If you’re a part of a multi-anything: multi-site church, multi-leader ministry, or even a multi-staff/volunteer team, this is a topic we need to cover.

As the old adage goes, we sometimes find ourselves with too many chiefs and not enough indians, or too many cooks in the kitchen, or too many chocolate chips in the cookie (of course I made that last adage up, because there’s no such thing). Wherever people multiply, lines of communication get blurred. So if you’re a part of multi-anything, it helps to know a few things: who is calling the shots? Who is the decision maker? What is mandated? What is modeled? What can I do that won’t get me fired?

If these questions aren’t answered, you’ll be on the giving or receiving end of confusion, frustration, anger, wasted energy, and burnout. So how do we start the conversation?

We build fences.

Perhaps you’ve heard the apocryphal story of the playground fence study.[1] In short, researchers determined that when elementary school children were on a fence-less playground, they were more wary, more fearful, and stayed closer to their teacher. But add a few chain links and a gate, and boom – the kids spread their wings and explored new territory. (See the much better two minute version here.)

When leaders build good fences, they create environments for their teams to run free.

It sounds counter-intuitive, but hang with me for a few more bullet points. I’ve found it helpful to build the fences conversation around four areas:

  • Church DNA (who). Before your church launches another ministry, another venue, or another campus, your church needs to know exactly who you are. Greg Ligon asks, “What key component(s) must be transferred from site to site, from venue to venue, to ensure the effective development of a new location? Key to replication is a clear understanding of what is foundational and what stands at the periphery.” [2]
  • Vision (why). You can have task lists a couple of miles long, but until you know the why behind your what, you will only create pre-programmed robots who carry out your bidding.
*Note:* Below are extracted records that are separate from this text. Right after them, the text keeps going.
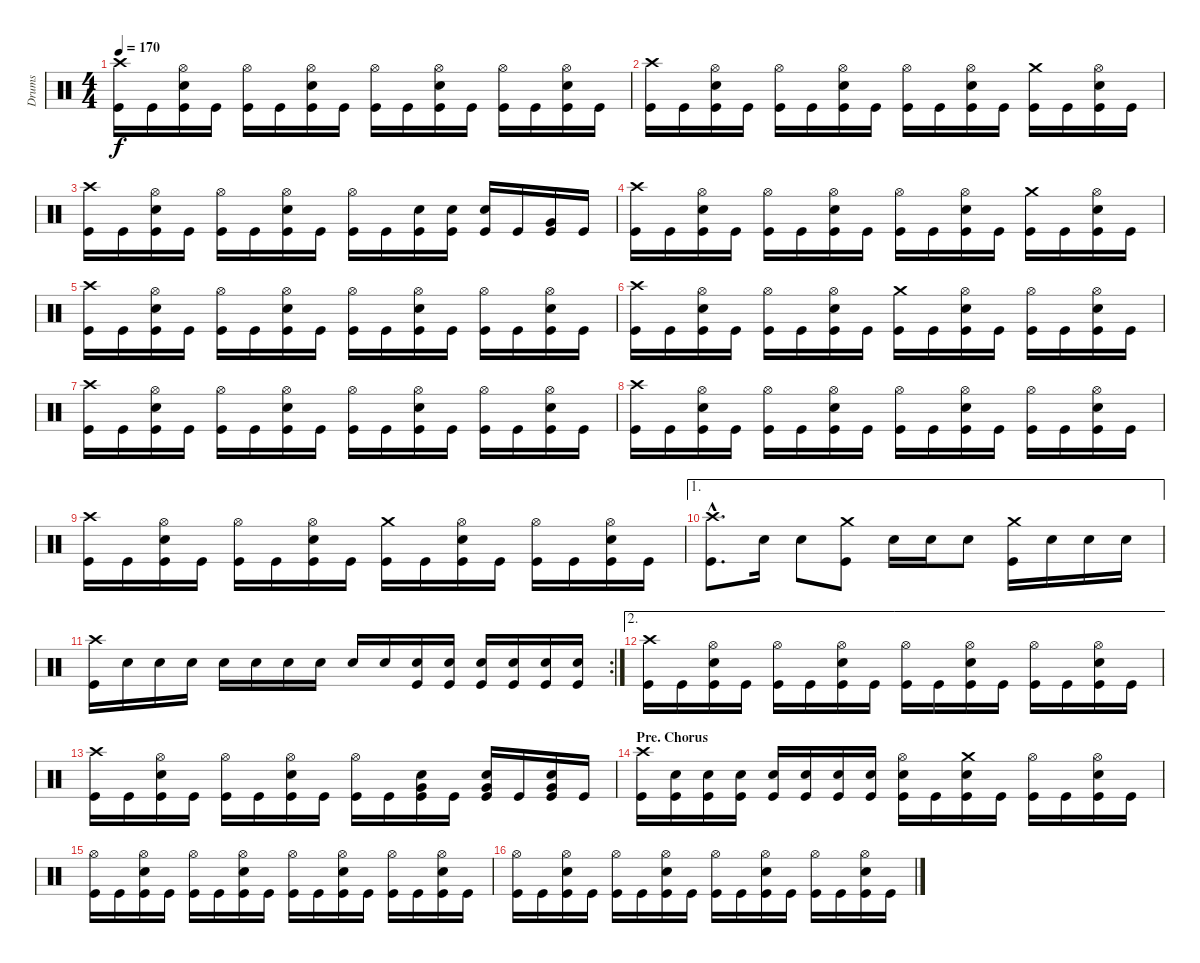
\track ("Drums" "Drums") {instrument percussion}
\staff {score}
\articulation defaults
\ts (4 4)
\tempo 170
\clef neutral
\ks c
("Crash high (hit)" "Kick (hit)").16{dy f} "Kick (hit)".16 ("Hi-Hat (open)" "Electric Snare (hit)" "Kick (hit)").16 "Kick (hit)".16 ("Hi-Hat (open)" "Kick (hit)").16 "Kick (hit)".16 ("Hi-Hat (open)" "Electric Snare (hit)" "Kick (hit)").16 "Kick (hit)".16 ("Hi-Hat (open)" "Kick (hit)").16 "Kick (hit)".16 ("Hi-Hat (open)" "Electric Snare (hit)" "Kick (hit)").16 "Kick (hit)".16 ("Hi-Hat (open)" "Kick (hit)").16 "Kick (hit)".16 ("Hi-Hat (open)" "Electric Snare (hit)" "Kick (hit)").16 "Kick (hit)".16 |
("Crash high (hit)" "Kick (hit)").16 "Kick (hit)".16 ("Hi-Hat (open)" "Electric Snare (hit)" "Kick (hit)").16 "Kick (hit)".16 ("Hi-Hat (open)" "Kick (hit)").16 "Kick (hit)".16 ("Hi-Hat (open)" "Electric Snare (hit)" "Kick (hit)").16 "Kick (hit)".16 ("Hi-Hat (open)" "Kick (hit)").16 "Kick (hit)".16 ("Hi-Hat (open)" "Electric Snare (hit)" "Kick (hit)").16 "Kick (hit)".16 ("Crash medium (hit)" "Kick (hit)").16 "Kick (hit)".16 ("Hi-Hat (open)" "Electric Snare (hit)" "Kick (hit)").16 "Kick (hit)".16 |
("Crash high (hit)" "Kick (hit)").16 "Kick (hit)".16 ("Hi-Hat (open)" "Electric Snare (hit)" "Kick (hit)").16 "Kick (hit)".16 ("Hi-Hat (open)" "Kick (hit)").16 "Kick (hit)".16 ("Hi-Hat (open)" "Electric Snare (hit)" "Kick (hit)").16 "Kick (hit)".16 ("Hi-Hat (open)" "Kick (hit)").16 "Kick (hit)".16 ("Electric Snare (hit)" "Kick (hit)").16 ("Electric Snare (hit)" "Kick (hit)").16 ("Electric Snare (hit)" "Kick (hit)").16 "Kick (hit)".16 ("Very Low Tom (hit)" "Kick (hit)").16 "Kick (hit)".16 |
("Crash high (hit)" "Kick (hit)").16 "Kick (hit)".16 ("Hi-Hat (open)" "Electric Snare (hit)" "Kick (hit)").16 "Kick (hit)".16 ("Hi-Hat (open)" "Kick (hit)").16 "Kick (hit)".16 ("Hi-Hat (open)" "Electric Snare (hit)" "Kick (hit)").16 "Kick (hit)".16 ("Hi-Hat (open)" "Kick (hit)").16 "Kick (hit)".16 ("Hi-Hat (open)" "Electric Snare (hit)" "Kick (hit)").16 "Kick (hit)".16 ("Crash medium (hit)" "Kick (hit)").16 "Kick (hit)".16 ("Hi-Hat (open)" "Electric Snare (hit)" "Kick (hit)").16 "Kick (hit)".16 |
("Crash high (hit)" "Kick (hit)").16 "Kick (hit)".16 ("Hi-Hat (open)" "Electric Snare (hit)" "Kick (hit)").16 "Kick (hit)".16 ("Hi-Hat (open)" "Kick (hit)").16 "Kick (hit)".16 ("Hi-Hat (open)" "Electric Snare (hit)" "Kick (hit)").16 "Kick (hit)".16 ("Hi-Hat (open)" "Kick (hit)").16 "Kick (hit)".16 ("Hi-Hat (open)" "Electric Snare (hit)" "Kick (hit)").16 "Kick (hit)".16 ("Hi-Hat (open)" "Kick (hit)").16 "Kick (hit)".16 ("Hi-Hat (open)" "Electric Snare (hit)" "Kick (hit)").16 "Kick (hit)".16 |
("Crash high (hit)" "Kick (hit)").16 "Kick (hit)".16 ("Hi-Hat (open)" "Electric Snare (hit)" "Kick (hit)").16 "Kick (hit)".16 ("Hi-Hat (open)" "Kick (hit)").16 "Kick (hit)".16 ("Hi-Hat (open)" "Electric Snare (hit)" "Kick (hit)").16 "Kick (hit)".16 ("Crash medium (hit)" "Kick (hit)").16 "Kick (hit)".16 ("Hi-Hat (open)" "Electric Snare (hit)" "Kick (hit)").16 "Kick (hit)".16 ("Hi-Hat (open)" "Kick (hit)").16 "Kick (hit)".16 ("Hi-Hat (open)" "Electric Snare (hit)" "Kick (hit)").16 "Kick (hit)".16 |
("Crash high (hit)" "Kick (hit)").16 "Kick (hit)".16 ("Hi-Hat (open)" "Electric Snare (hit)" "Kick (hit)").16 "Kick (hit)".16 ("Hi-Hat (open)" "Kick (hit)").16 "Kick (hit)".16 ("Hi-Hat (open)" "Electric Snare (hit)" "Kick (hit)").16 "Kick (hit)".16 ("Hi-Hat (open)" "Kick (hit)").16 "Kick (hit)".16 ("Hi-Hat (open)" "Electric Snare (hit)" "Kick (hit)").16 "Kick (hit)".16 ("Hi-Hat (open)" "Kick (hit)").16 "Kick (hit)".16 ("Hi-Hat (open)" "Electric Snare (hit)" "Kick (hit)").16 "Kick (hit)".16 |
("Crash high (hit)" "Kick (hit)").16 "Kick (hit)".16 ("Hi-Hat (open)" "Electric Snare (hit)" "Kick (hit)").16 "Kick (hit)".16 ("Hi-Hat (open)" "Kick (hit)").16 "Kick (hit)".16 ("Hi-Hat (open)" "Electric Snare (hit)" "Kick (hit)").16 "Kick (hit)".16 ("Hi-Hat (open)" "Kick (hit)").16 "Kick (hit)".16 ("Hi-Hat (open)" "Electric Snare (hit)" "Kick (hit)").16 "Kick (hit)".16 ("Hi-Hat (open)" "Kick (hit)").16 "Kick (hit)".16 ("Hi-Hat (open)" "Electric Snare (hit)" "Kick (hit)").16 "Kick (hit)".16 |
("Crash high (hit)" "Kick (hit)").16 "Kick (hit)".16 ("Hi-Hat (open)" "Electric Snare (hit)" "Kick (hit)").16 "Kick (hit)".16 ("Hi-Hat (open)" "Kick (hit)").16 "Kick (hit)".16 ("Hi-Hat (open)" "Electric Snare (hit)" "Kick (hit)").16 "Kick (hit)".16 ("Crash medium (hit)" "Kick (hit)").16 "Kick (hit)".16 ("Hi-Hat (open)" "Electric Snare (hit)" "Kick (hit)").16 "Kick (hit)".16 ("Hi-Hat (open)" "Kick (hit)").16 "Kick (hit)".16 ("Hi-Hat (open)" "Electric Snare (hit)" "Kick (hit)").16 "Kick (hit)".16 |
\ae 1
("Crash high (hit)"{hac} "Kick (hit)"{hac}).8{d} "Electric Snare (hit)".16 "Electric Snare (hit)".8 ("Crash medium (hit)" "Kick (hit)").8 "Electric Snare (hit)".16 "Electric Snare (hit)".16 "Electric Snare (hit)".8 ("Crash medium (hit)" "Kick (hit)").16 "Electric Snare (hit)".16 "Electric Snare (hit)".16 "Electric Snare (hit)".16 |
\rc 2
("Crash high (hit)" "Kick (hit)").16 "Electric Snare (hit)".16 "Electric Snare (hit)".16 "Electric Snare (hit)".16 "Electric Snare (hit)".16 "Electric Snare (hit)".16 "Electric Snare (hit)".16 "Electric Snare (hit)".16 "Electric Snare (hit)".16 "Electric Snare (hit)".16 ("Electric Snare (hit)" "Kick (hit)").16 ("Electric Snare (hit)" "Kick (hit)").16 ("Electric Snare (hit)" "Kick (hit)").16 ("Electric Snare (hit)" "Kick (hit)").16 ("Electric Snare (hit)" "Kick (hit)").16 ("Electric Snare (hit)" "Kick (hit)").16 |
\ae 2
("Crash high (hit)" "Kick (hit)").16 "Kick (hit)".16 ("Hi-Hat (open)" "Electric Snare (hit)" "Kick (hit)").16 "Kick (hit)".16 ("Hi-Hat (open)" "Kick (hit)").16 "Kick (hit)".16 ("Hi-Hat (open)" "Electric Snare (hit)" "Kick (hit)").16 "Kick (hit)".16 ("Hi-Hat (open)" "Kick (hit)").16 "Kick (hit)".16 ("Hi-Hat (open)" "Electric Snare (hit)" "Kick (hit)").16 "Kick (hit)".16 ("Hi-Hat (open)" "Kick (hit)").16 "Kick (hit)".16 ("Hi-Hat (open)" "Electric Snare (hit)" "Kick (hit)").16 "Kick (hit)".16 |
("Crash high (hit)" "Kick (hit)").16 "Kick (hit)".16 ("Hi-Hat (open)" "Electric Snare (hit)" "Kick (hit)").16 "Kick (hit)".16 ("Hi-Hat (open)" "Kick (hit)").16 "Kick (hit)".16 ("Hi-Hat (open)" "Electric Snare (hit)" "Kick (hit)").16 "Kick (hit)".16 ("Hi-Hat (open)" "Kick (hit)").16 "Kick (hit)".16 ("Very Low Tom (hit)" "Electric Snare (hit)" "Kick (hit)").16 "Kick (hit)".16 ("Very Low Tom (hit)" "Electric Snare (hit)" "Kick (hit)").16 "Kick (hit)".16 ("Very Low Tom (hit)" "Electric Snare (hit)" "Kick (hit)").16 "Kick (hit)".16 |
\section ("" "Pre. Chorus")
("Crash high (hit)" "Kick (hit)").16 ("Electric Snare (hit)" "Kick (hit)").16 ("Electric Snare (hit)" "Kick (hit)").16 ("Electric Snare (hit)" "Kick (hit)").16 ("Electric Snare (hit)" "Kick (hit)").16 ("Electric Snare (hit)" "Kick (hit)").16 ("Electric Snare (hit)" "Kick (hit)").16 ("Electric Snare (hit)" "Kick (hit)").16 ("Hi-Hat (open)" "Electric Snare (hit)" "Kick (hit)").16 "Kick (hit)".16 ("Crash medium (hit)" "Electric Snare (hit)" "Kick (hit)").16 "Kick (hit)".16 ("Hi-Hat (open)" "Kick (hit)").16 "Kick (hit)".16 ("Hi-Hat (open)" "Electric Snare (hit)" "Kick (hit)").16 "Kick (hit)".16 |
("Hi-Hat (open)" "Kick (hit)").16 "Kick (hit)".16 ("Hi-Hat (open)" "Electric Snare (hit)" "Kick (hit)").16 "Kick (hit)".16 ("Hi-Hat (open)" "Kick (hit)").16 "Kick (hit)".16 ("Hi-Hat (open)" "Electric Snare (hit)" "Kick (hit)").16 "Kick (hit)".16 ("Hi-Hat (open)" "Kick (hit)").16 "Kick (hit)".16 ("Hi-Hat (open)" "Electric Snare (hit)" "Kick (hit)").16 "Kick (hit)".16 ("Hi-Hat (open)" "Kick (hit)").16 "Kick (hit)".16 ("Hi-Hat (open)" "Electric Snare (hit)" "Kick (hit)").16 "Kick (hit)".16 |
("Hi-Hat (open)" "Kick (hit)").16 "Kick (hit)".16 ("Hi-Hat (open)" "Electric Snare (hit)" "Kick (hit)").16 "Kick (hit)".16 ("Hi-Hat (open)" "Kick (hit)").16 "Kick (hit)".16 ("Hi-Hat (open)" "Electric Snare (hit)" "Kick (hit)").16 "Kick (hit)".16 ("Hi-Hat (open)" "Kick (hit)").16 "Kick (hit)".16 ("Hi-Hat (open)" "Electric Snare (hit)" "Kick (hit)").16 "Kick (hit)".16 ("Hi-Hat (open)" "Kick (hit)").16 "Kick (hit)".16 ("Hi-Hat (open)" "Electric Snare (hit)" "Kick (hit)").16 "Kick (hit)".16

That’s good for dictators and maniacal robot builders; not so good for leaders and equippers who want to build the saints for the work of the ministry.
  • Mission (what). The why and the what matters. You’ve asked the Why do we do this? question. Now it’s time for What are we doing? This is a question of mission: what moves your organization forward? What builds alignment? What are you rallying behind? What helps people see Jesus? What tangible things are going to help people take their next step?
  • (some) Systems (how). I say some systems, not allSome systems may be transferable to all sites: the way you screen volunteers or train leaders or structure teams. But many systems will be site-specific: the small group sign ups at one campus may not work as well as the procedures at another. The set up systems at a mobile campus will be much more involved than at a permanent site. This is – at best – the infamous “tension to be managed.” Systems are tools, whether they are systems developed at a central level and pushed out to campuses, or systems that are birthed at each site. But like any tools, they will need to be vetted for usability, improved upon, and perhaps replaced altogether.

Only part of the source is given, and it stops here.